The Crawl “Budget” Google has no absolute crawl budget of pages to be crawled on a site. However, there’s a point that Google may give up crawling the site for a while if the spiders are going down the winding paths. Although itsn’t absolute, you can always check on Google Webmasters Tool to check the crawl Stats. So if Google encounters a lot of duplicate content the pages you want to indexed may not be crawled and won’t be crawled as often.
The Indexation “Cap” There’s no set “cap” to how many pages of a site Google will index. But there seem to be dynamic limit that is relative to the authority of the site. Indexing page with useless, duplicate pages, you may push out more important, deeper pages. If you load up on 1000s of internal search results, Google may not index all of your product pages. Many people make the mistake of thinking that more indexed pages is better. I’ve seen too many situations where the opposite was true. All else being equal, bloated indexes dilute your ranking ability.
The Penalty Debate Long before Panda, a debate would erupt every few months over whether or not there was a duplicate content penalty. While these debates raised valid points, they often focused on semantics – whether or not duplicate content caused a Capital-P Penalty. While I think the conceptual difference between penalties and filters is important, the upshot for a site owner is often the same. If a page isn’t ranking (or even indexed) because of duplicate content, then you’ve got a problem, no matter what you call it.
The Panda Update Since Panda (starting in February 2011), the impact of duplicate content has become much more severe in some cases. It used to be that duplicate content could only harm that content itself. If you had a duplicate, it might go supplemental or get filtered out. Usually, that was ok. In extreme cases, a large number of duplicates could bloat your index or cause crawl problems and start impacting other pages.
Panda made duplicate content part of a broader quality equation – now, a duplicate content problem can impact your entire site. If you’re hit by Panda, non-duplicate pages may lose ranking power, stop ranking altogether, or even fall out of the index. Duplicate content is no longer an isolated problem.
III. Three Kinds of Duplicates 1. True Duplicates – 100% identical and only differs by url 2. Near Duplicates – Differs only by small amount by either a text or image 3. Cross-domain Duplicates - A two websites that shares the same content.

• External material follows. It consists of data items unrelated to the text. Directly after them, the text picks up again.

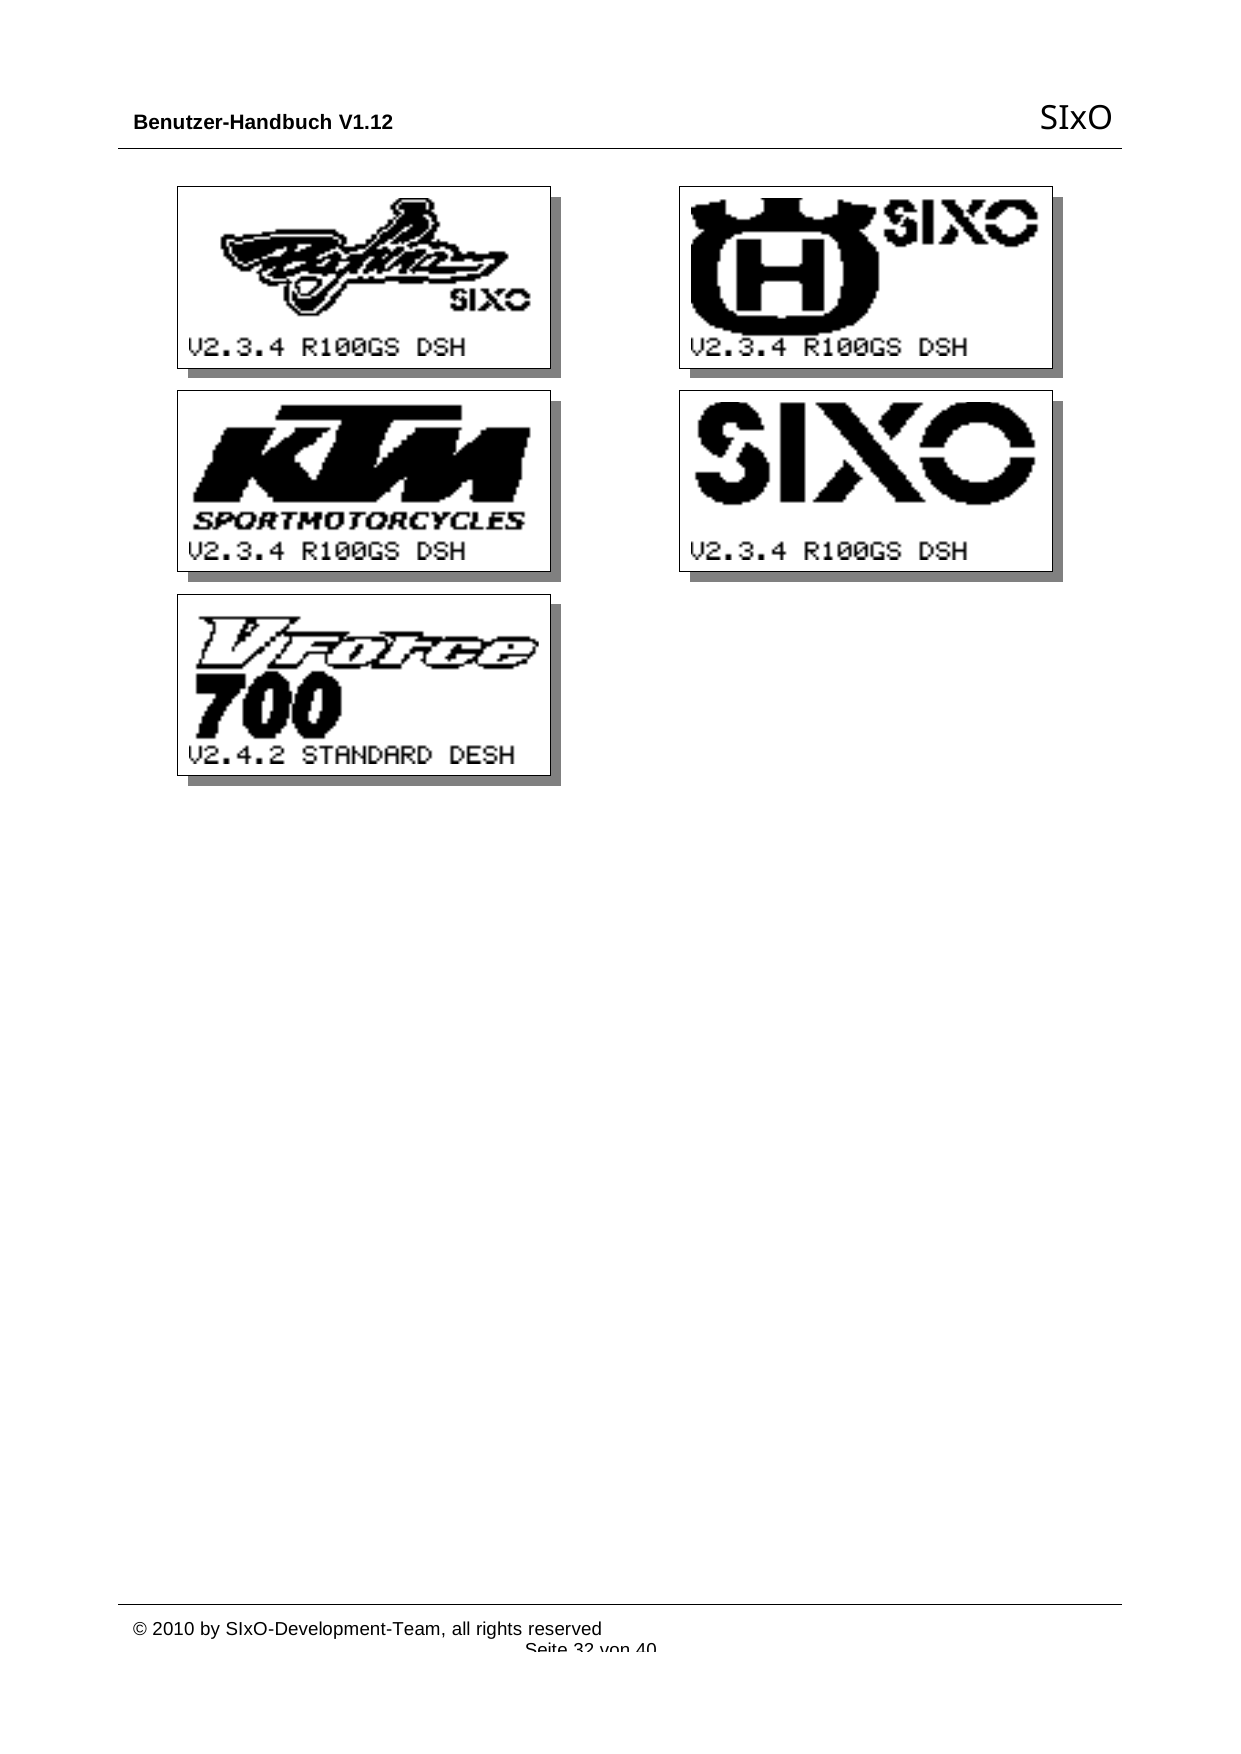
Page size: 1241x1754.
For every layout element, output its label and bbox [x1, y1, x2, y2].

table_cell [118, 588, 620, 792]
picture [189, 605, 539, 764]
picture [691, 198, 1041, 356]
picture [691, 402, 1041, 560]
table_cell [620, 180, 1122, 384]
table_cell [118, 384, 620, 588]
table_cell [118, 180, 620, 384]
picture [189, 402, 539, 560]
picture [189, 198, 539, 356]
table_cell [620, 588, 1122, 792]
table_cell [620, 384, 1122, 588]

IV. Tools for Fixing Duplicates 1. 404(Not Found) – The simplest is to remove it and return a 404 2. 301 Redirect– Another way to remove a page is to redirect to another location. 3. Robots.txt– Block the search crawlers using a robots.txt file where you can block an entire folder or URL. But not great for removing content already in the index. But some search engine frown on its overuse, and don’t recommend using for duplicate content. 4. Meta Robots – control the search bots at the page level using a directive “Meta Robots” tag <meta name=”ROBOTS” content =”NOINDEX, NOFOLLOW”/> This tells the search bots not to index this page or follow links on it. Other option is the content value as “NOINDEX, FOLLOW” whihch crawl the paths on the page without indexing the page. 5. Rel=Canonical– It is a tag that goes in the page header like Meta Robots. <link rel=”canonical” href=http://www.website.com/> When search engines arrive on a page with a canonical tag, they attribute the page to the canonical URL, regardless of the URL they used to reach the page. So, for example, if a bot reached the above page using the URL “www.example.com/index.html”, the search engine would not index the additional, non-canonical URL. Typically, it seems that inbound link-juice is also passed through the canonical tag.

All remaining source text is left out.